あの「経産省若手レポート」は炎上覚悟だった 人生100年時代に「全員賛成」の政策はない
コーディネーター・石井芳明氏(以下、石井):このプロジェクトは、「こんなこと言ったらまずいんじゃないか」という部分も含めて、若手が問題意識を思い切って“言い放った”もの。産業構造審議会という格式高い会で突然発表されたのですが、当日まで管理職も内容を知らされず、次官と若手メンバーだけで資料作成が行われました。実際、どんな思いでプロジェクトに加わり、どうやって作ったのですか。
「次官・若手プロジェクト」に懸けた思い
経産省・足立茉衣氏(以下、足立):私は、役所でずっと仕事をする中で、どうしてもそのときの目の前の自分の業務しか見えなくなって、狭い世界に生きてしまうことが気になっていたんです。通常2~3年で異動するのですが、所属部署が変わっても、何か一貫する軸を持ちたい、つねに広い視野でいたい。そこで本来業務と並行的に、中長期的な課題について考えるこのプロジェクトに参加しました。
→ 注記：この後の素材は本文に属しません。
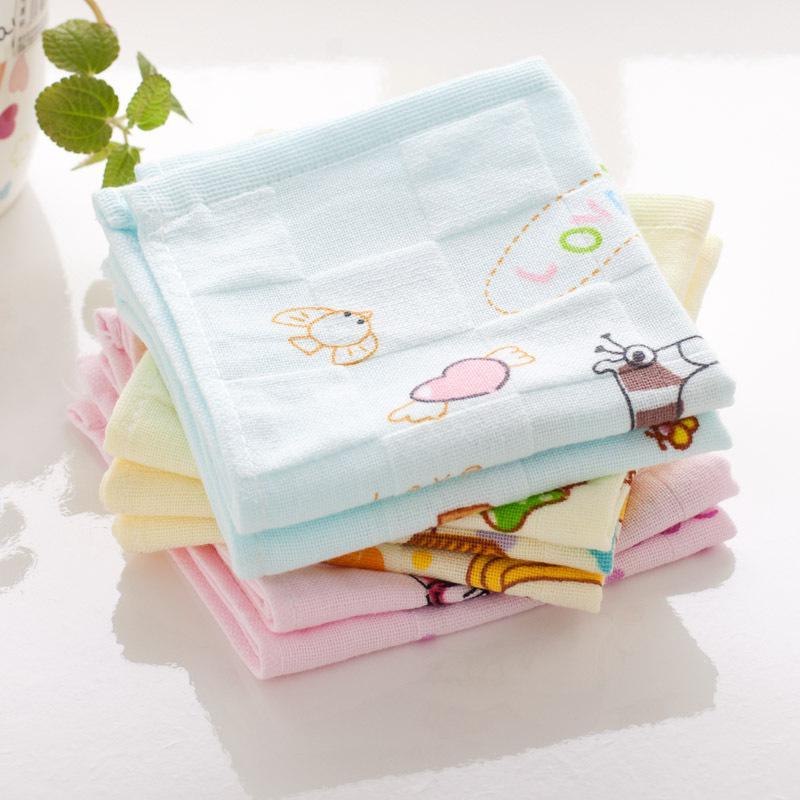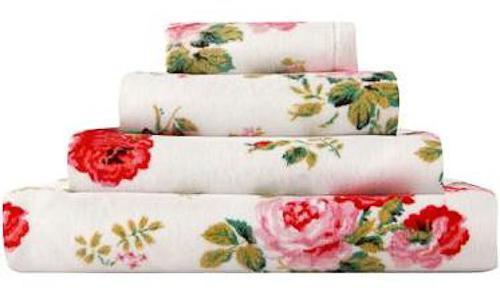The first image is the image on the left, the second image is the image on the right. Given the left and right images, does the statement "One image features only solid-colored towels in varying colors." hold true? Answer yes or no. No.

いま世界は、転換点に来ているんじゃないかと思います。ブレグジット、ドナルド・トランプ大統領、ポピュリズムなど、世界は大きく動いていて、技術的にもITの進化によってマッチングが効率的に行われ、これまで中央集権的に行われてきたものが壊れていくかもしれない。国家のあり方は変化していくのではないか? このままの政策でいいのか? そこが議論の出発点でした。